▸ **WHAT YOU SHOULD DO**
For the records below, give the number of lines that include the string "section". Nothing else belongs in the answer.

▸ **Stored dataset items**
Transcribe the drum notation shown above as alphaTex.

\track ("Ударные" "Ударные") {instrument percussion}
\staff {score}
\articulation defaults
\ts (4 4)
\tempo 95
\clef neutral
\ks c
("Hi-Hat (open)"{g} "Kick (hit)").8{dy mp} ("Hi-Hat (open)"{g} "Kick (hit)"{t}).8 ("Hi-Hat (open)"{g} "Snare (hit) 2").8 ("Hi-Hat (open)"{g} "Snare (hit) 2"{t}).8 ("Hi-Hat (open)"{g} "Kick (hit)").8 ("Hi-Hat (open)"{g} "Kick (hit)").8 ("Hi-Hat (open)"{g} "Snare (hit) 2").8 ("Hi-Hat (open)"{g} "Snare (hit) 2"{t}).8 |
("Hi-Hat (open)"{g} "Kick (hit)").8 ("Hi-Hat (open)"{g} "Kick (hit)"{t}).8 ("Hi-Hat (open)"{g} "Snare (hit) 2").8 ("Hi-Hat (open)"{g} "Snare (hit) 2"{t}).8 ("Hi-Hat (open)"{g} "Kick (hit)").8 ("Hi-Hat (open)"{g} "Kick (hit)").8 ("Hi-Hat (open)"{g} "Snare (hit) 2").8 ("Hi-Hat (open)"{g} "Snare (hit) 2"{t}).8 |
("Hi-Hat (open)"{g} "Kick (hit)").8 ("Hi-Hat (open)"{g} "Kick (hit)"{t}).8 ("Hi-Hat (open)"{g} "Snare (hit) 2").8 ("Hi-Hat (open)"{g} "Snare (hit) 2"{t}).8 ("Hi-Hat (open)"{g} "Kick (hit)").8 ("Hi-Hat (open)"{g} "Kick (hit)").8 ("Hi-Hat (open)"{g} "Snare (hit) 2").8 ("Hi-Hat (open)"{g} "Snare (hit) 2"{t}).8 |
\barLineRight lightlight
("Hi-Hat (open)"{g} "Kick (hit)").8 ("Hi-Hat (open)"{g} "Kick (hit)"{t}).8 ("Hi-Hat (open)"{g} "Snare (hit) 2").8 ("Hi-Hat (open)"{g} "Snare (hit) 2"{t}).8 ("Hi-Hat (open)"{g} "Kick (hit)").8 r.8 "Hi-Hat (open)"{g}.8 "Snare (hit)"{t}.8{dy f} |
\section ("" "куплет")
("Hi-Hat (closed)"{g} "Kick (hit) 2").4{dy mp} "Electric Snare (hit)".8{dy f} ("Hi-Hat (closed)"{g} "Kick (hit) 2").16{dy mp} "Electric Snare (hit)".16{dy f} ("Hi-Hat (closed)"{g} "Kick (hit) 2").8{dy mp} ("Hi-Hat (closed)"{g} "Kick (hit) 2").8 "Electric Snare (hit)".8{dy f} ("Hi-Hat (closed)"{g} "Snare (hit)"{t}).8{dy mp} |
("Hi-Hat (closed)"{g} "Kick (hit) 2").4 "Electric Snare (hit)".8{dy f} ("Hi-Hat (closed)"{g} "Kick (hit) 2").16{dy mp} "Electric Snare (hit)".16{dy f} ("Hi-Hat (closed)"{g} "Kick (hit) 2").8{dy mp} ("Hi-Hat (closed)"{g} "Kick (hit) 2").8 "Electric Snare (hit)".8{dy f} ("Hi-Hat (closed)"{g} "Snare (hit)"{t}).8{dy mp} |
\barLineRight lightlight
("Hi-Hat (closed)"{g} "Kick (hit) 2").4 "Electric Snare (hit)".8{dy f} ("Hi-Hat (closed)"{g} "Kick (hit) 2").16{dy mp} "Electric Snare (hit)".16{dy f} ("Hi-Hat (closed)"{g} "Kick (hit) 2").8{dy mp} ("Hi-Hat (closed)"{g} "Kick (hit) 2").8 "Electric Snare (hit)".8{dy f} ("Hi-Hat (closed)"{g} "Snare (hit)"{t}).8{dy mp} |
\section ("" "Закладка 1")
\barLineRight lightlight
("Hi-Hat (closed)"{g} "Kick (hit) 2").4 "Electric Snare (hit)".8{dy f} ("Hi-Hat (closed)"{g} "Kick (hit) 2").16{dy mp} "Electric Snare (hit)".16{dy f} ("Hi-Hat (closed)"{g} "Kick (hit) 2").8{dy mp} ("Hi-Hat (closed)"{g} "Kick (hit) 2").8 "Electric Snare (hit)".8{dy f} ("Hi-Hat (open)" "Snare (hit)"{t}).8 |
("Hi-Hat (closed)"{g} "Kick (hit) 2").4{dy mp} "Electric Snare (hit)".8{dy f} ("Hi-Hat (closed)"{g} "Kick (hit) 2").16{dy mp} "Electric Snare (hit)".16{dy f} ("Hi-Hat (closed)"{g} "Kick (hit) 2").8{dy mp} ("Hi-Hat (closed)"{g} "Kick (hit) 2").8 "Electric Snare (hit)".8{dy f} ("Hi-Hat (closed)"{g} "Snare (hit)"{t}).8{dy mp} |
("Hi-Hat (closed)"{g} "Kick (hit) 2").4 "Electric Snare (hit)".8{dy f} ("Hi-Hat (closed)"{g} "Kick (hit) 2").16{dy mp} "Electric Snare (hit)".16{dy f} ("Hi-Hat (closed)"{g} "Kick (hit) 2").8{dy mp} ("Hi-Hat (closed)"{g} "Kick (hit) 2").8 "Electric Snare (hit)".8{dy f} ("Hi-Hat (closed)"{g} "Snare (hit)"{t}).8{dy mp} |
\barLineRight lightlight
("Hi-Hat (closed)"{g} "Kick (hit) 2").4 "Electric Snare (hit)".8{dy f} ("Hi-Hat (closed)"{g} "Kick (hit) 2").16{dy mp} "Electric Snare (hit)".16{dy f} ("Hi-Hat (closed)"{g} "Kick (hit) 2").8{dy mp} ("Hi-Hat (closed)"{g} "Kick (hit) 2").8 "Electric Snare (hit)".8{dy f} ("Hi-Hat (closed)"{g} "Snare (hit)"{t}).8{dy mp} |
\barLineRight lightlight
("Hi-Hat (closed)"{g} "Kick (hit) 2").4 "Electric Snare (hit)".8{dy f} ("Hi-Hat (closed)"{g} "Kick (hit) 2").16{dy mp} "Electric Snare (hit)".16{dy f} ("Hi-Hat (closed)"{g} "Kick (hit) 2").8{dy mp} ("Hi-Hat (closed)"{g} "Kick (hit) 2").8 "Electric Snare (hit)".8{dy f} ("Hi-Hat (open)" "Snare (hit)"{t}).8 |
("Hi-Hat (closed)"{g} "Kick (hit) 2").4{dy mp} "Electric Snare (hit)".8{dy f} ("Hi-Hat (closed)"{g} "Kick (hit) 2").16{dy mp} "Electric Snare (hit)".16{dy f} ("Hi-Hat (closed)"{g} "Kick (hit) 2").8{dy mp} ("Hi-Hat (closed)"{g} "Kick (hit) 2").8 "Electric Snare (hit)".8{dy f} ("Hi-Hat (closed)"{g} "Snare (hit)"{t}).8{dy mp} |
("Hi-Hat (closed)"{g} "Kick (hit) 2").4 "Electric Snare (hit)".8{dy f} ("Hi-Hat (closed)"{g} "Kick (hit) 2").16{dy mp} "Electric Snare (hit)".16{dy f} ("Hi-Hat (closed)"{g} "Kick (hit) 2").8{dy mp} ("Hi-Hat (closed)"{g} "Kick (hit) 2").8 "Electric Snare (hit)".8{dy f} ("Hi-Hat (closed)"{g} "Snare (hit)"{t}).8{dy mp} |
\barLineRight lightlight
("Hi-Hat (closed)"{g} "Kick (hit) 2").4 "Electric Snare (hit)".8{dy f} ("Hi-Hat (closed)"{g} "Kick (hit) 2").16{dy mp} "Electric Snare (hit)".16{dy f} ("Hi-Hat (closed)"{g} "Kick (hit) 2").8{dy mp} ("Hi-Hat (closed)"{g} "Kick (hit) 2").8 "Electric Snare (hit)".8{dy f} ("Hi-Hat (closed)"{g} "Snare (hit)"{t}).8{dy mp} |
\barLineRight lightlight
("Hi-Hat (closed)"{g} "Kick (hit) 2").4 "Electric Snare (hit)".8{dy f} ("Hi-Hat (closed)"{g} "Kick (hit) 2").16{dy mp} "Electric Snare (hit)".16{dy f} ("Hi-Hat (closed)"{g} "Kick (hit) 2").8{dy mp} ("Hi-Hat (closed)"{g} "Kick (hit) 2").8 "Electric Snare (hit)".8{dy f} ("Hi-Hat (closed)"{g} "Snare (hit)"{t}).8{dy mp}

==

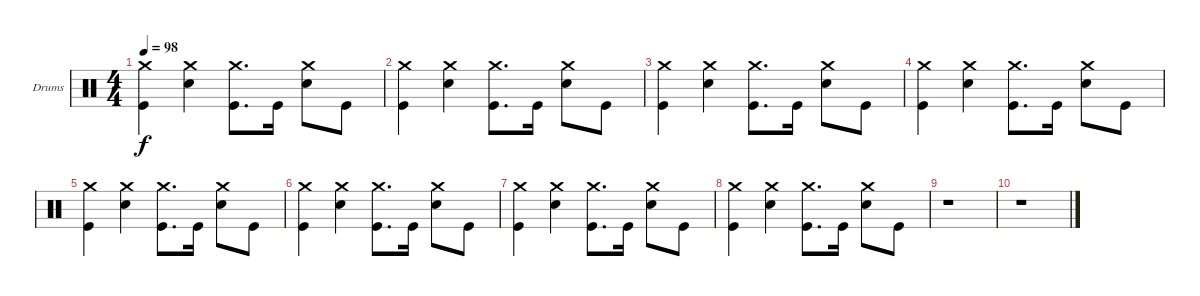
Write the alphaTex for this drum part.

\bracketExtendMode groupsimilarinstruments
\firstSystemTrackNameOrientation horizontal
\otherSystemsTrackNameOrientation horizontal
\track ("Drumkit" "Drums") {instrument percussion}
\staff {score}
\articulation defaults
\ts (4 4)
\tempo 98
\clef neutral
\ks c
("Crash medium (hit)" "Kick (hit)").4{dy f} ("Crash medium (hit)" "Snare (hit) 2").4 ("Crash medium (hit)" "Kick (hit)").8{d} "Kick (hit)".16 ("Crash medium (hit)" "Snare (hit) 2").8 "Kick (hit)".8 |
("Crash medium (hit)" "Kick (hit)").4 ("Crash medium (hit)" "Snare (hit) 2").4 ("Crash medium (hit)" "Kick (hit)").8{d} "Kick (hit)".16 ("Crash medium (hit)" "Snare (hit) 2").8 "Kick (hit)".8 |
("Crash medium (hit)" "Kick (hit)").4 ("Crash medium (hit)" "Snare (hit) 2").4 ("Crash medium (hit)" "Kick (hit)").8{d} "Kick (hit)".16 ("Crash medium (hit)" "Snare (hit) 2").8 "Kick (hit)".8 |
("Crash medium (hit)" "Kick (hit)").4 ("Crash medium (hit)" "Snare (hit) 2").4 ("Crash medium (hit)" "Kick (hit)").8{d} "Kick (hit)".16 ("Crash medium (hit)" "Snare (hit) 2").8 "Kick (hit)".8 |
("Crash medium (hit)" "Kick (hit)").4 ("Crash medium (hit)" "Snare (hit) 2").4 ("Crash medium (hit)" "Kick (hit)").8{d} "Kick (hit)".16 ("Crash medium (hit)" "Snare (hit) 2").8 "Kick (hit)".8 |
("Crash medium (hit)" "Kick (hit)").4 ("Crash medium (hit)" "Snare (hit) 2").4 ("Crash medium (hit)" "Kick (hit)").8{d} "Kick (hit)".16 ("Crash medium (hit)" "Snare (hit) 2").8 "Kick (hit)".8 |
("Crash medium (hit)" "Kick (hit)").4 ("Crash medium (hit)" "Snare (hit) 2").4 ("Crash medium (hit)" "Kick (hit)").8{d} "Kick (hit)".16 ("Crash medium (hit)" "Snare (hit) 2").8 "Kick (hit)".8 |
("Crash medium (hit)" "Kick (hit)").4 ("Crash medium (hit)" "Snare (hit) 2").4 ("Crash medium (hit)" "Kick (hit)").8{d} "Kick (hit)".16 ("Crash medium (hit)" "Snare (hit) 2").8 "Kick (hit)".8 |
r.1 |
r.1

==

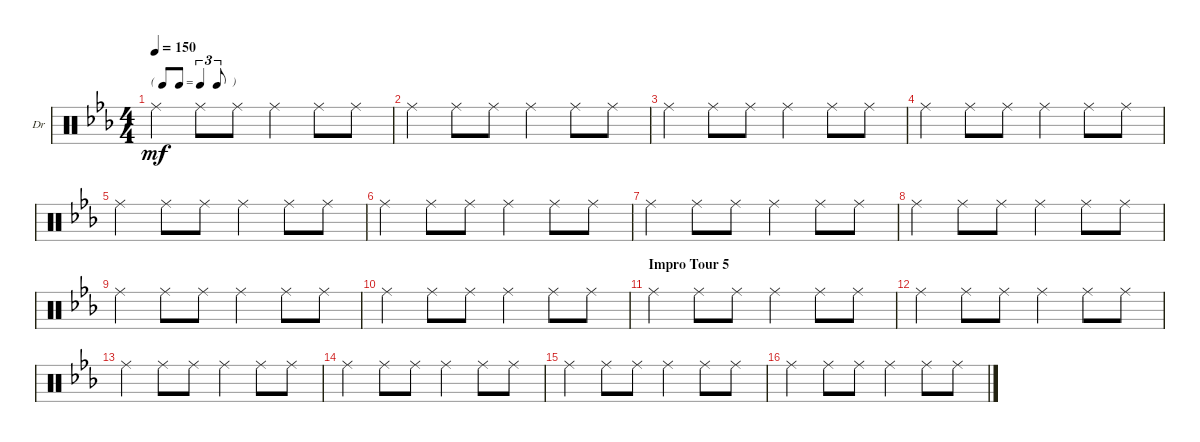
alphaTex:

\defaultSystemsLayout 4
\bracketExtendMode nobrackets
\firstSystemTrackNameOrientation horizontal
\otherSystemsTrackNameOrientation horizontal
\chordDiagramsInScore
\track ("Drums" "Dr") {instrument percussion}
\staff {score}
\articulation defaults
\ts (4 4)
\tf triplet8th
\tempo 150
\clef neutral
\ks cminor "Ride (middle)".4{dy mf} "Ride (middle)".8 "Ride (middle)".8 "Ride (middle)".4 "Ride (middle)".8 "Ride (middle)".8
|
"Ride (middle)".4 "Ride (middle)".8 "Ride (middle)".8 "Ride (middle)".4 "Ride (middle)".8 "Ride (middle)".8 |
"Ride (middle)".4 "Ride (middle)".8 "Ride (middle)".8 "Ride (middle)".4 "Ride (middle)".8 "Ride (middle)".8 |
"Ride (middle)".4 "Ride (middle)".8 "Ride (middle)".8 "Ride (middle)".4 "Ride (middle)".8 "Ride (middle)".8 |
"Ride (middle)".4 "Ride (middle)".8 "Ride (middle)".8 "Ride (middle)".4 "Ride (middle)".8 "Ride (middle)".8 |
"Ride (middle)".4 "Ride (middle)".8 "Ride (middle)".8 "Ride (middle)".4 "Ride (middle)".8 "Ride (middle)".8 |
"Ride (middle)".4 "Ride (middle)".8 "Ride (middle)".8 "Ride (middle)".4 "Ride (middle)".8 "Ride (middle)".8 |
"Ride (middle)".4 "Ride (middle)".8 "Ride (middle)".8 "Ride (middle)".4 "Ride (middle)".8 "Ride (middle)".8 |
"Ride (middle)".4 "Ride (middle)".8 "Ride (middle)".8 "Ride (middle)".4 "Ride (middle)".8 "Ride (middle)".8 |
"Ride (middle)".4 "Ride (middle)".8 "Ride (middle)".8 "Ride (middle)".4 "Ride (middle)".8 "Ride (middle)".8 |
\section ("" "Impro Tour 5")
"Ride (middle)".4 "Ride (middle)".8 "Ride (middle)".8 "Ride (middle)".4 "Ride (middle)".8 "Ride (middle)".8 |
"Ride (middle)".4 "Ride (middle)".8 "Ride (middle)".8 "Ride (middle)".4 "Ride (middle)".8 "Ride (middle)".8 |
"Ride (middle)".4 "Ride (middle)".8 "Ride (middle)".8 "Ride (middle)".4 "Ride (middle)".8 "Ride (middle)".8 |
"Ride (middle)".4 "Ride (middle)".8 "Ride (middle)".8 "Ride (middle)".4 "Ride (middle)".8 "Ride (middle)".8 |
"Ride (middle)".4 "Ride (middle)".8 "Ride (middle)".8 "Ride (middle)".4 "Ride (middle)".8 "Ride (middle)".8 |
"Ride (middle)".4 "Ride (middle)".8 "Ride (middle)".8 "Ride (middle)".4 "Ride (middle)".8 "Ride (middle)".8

▸ **COMPLETED TASK**
3